Today, we can also buy other junk – consumer electronics, for example – as Affluenza (rampant affluence, as a sickness) worsens. Best of all, we buy things we don’t really need – with money we don’t have – to impress people we don’t really like.
Yet capitalism is neither inevitable, God-given, a fact-of-life and eternal nor has capitalism always existed. Before 1712, most people suffered under feudalism. It was a system based on land, rent, soil, a king, barons, peasants, etc. Going back even further and we meet the Mesopotamian semi-mythic Uruk King of Gilgamesh living in 2,000 BCE. Gilgamesh lived in today’s Iraq, a place the USA was eager to destroy for no weapons of mass destruction not so long ago.
While the subsequent religious text of the time – the Koran – valued (and still does value) women at roughly 2/3 of a man, Gilgamesh also believed that a rich man “of many shekels” should not prey on a poor man “of one shekel”. This is an idea to which capitalism no longer subscribes to. Rather, the opposite is the case.
Roughly two centuries after Gilgamesh, a long-haired and barefooted man resented the merchants and money lenders operating in a local temple. Jesus expelled these people from the Temple of Jerusalem. Ever since, we have those with money and those without.
This two-class system continued with medieval nobles and commoners. Today, it exists in the House of Lords and the House of Commons, in army officers and ordinary soldiers, in employees and employers, in being squeezed into the economy class or travelling fist class, etc.
Writers were quick at hand to justify class division and inequality mostly by justifying property for those who have, protecting them against those who do not have – the have-nots. Yet, there were also writers like Thomas Paine (1791) advocating that people have the right to revolt against intolerable oppression. Today, capitalism continues to create many of Paine’s intolerable conditions – just the rebellion against oppression seems to have died down.
At the end of Paine’s dying feudalism and the verge of capitalism, silver became an ever more essential element in Europe. Much of the needed silver that was mined in Bohemia’s Joachimsthal. Silver eventually became money known as Joachimstahler, or simply as Thaler, which morphed into today’s dollar. Money soon became an essential element for capitalism. It could be invested in expectation of a higher returns.
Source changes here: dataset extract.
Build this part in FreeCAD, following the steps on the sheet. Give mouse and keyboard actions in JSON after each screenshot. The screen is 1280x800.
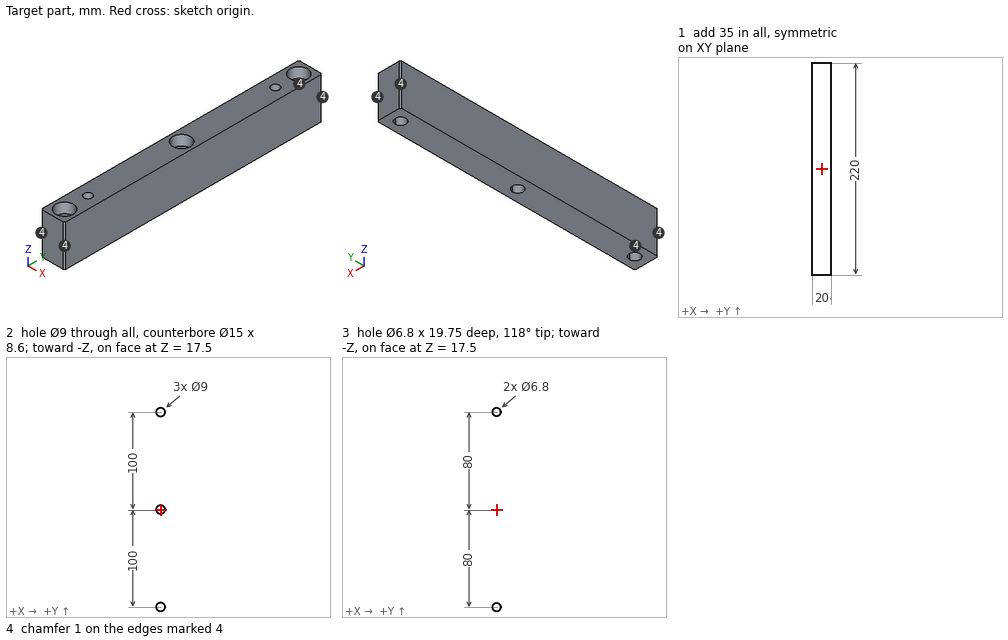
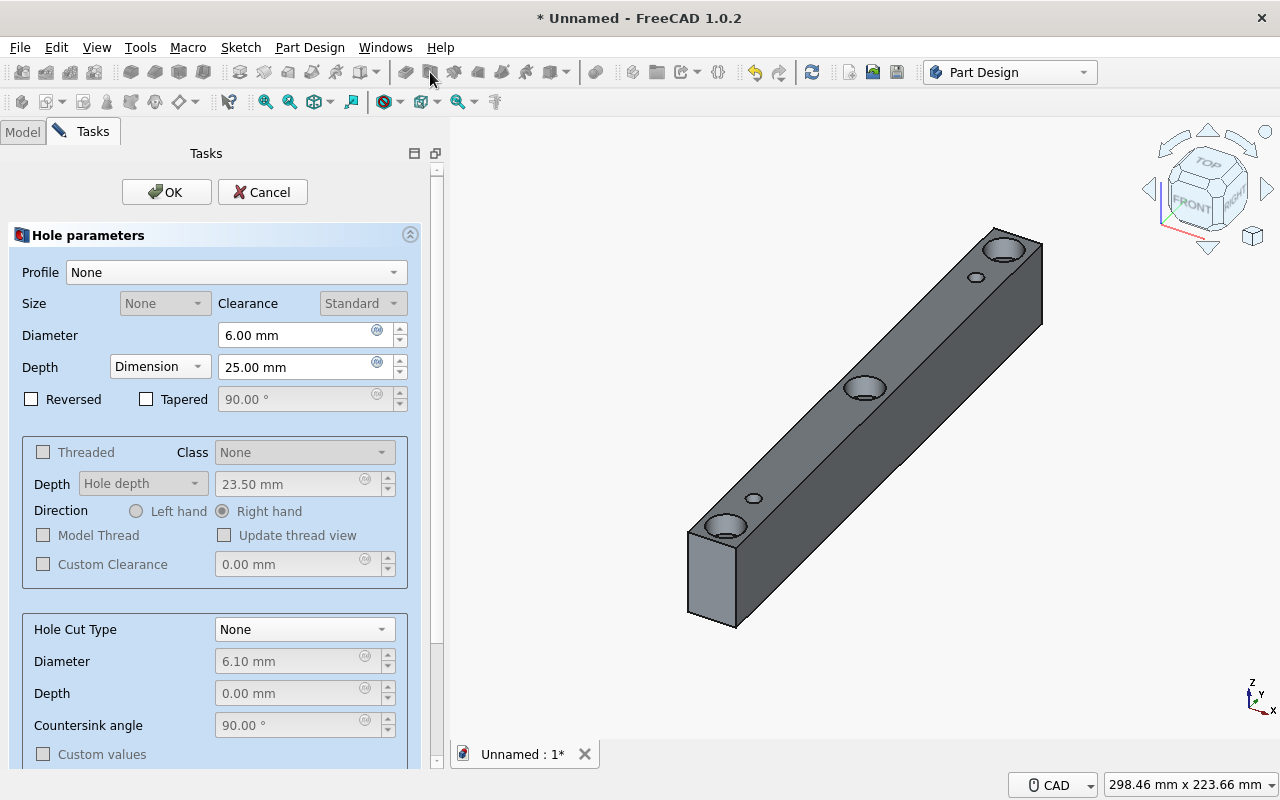
{"action": "triple_click", "coordinate": [305, 335]}

Money became two things: a) a common unit of value and b) a universal medium of exchange. Interestingly, money has next to no use-value. It really is of very limited use. You cannot burn it to heat your house, you cannot write on it, and you cannot even wipe your bum with it – at least not with coins. What money has, however, is exchange-value. Money can be exchanged into virtually everything. On the opposite end of money, is air. We all need air to live. Air has a very high use-value. Yet, air is still free of charge. Unsurprisingly, money is of much greater value for capitalism than air.
Despite the free market and the anti-state ideology of neoliberalism, the rise of capitalism depended on money, notes and coins. Both kept their value and weight and had the official seal of the authority of the state. In other words, officially certified money enjoyed the authority of the state. In short, capitalism cannot function without state issued money. This remains an historical fact that the apostles of neoliberalism like to downplay.
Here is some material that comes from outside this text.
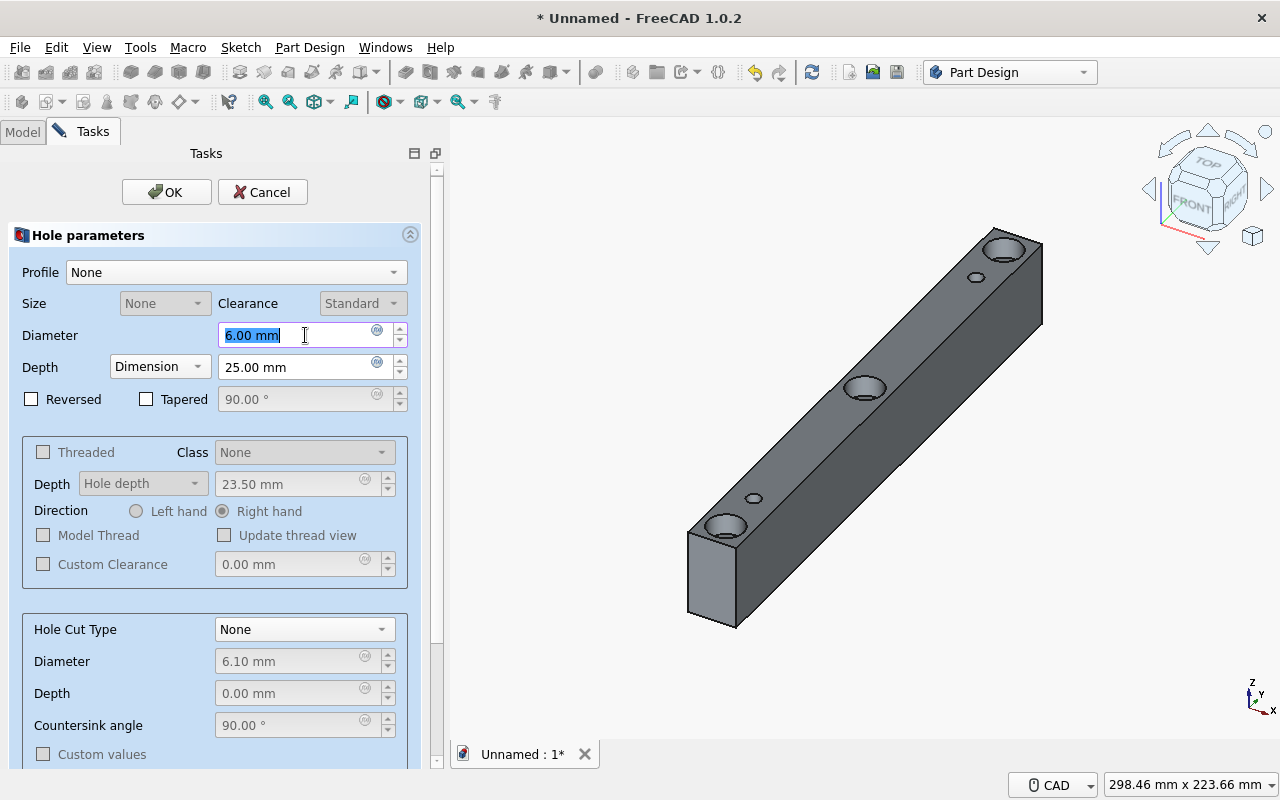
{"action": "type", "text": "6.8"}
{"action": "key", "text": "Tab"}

All of this let Italian banks in the 16th century to apply Luca Pacioli’s invention of double-bookkeeping for the financial world of capitalism. Roughly three hundred years later, it did not prevent Germany’s hyper-inflation of 1921 to 1923, which wiped out middle- class’ bank savings creating “opportunities” for unscrupulous capitalists with access to hard cash. Meanwhile, capitalists who own factories remained untouched by hyper-inflation. These factories stood tall even after hyper-inflation was over.
It may be argued that, the extraction of a massive amount of wealth from Germany’s middle-class not only undermined social cohesion in pre-Nazi Germany, it also aided the rise of Fascism. At the same time, the British upper-class enjoyed the relatively high value of the pound when travelling. Meanwhile, Britain’s working class were left with high prices of imported beef from Argentina and Australia. In the UK, it led to the General Strike of 1926 while in Germany, it led to Adolf Hitler.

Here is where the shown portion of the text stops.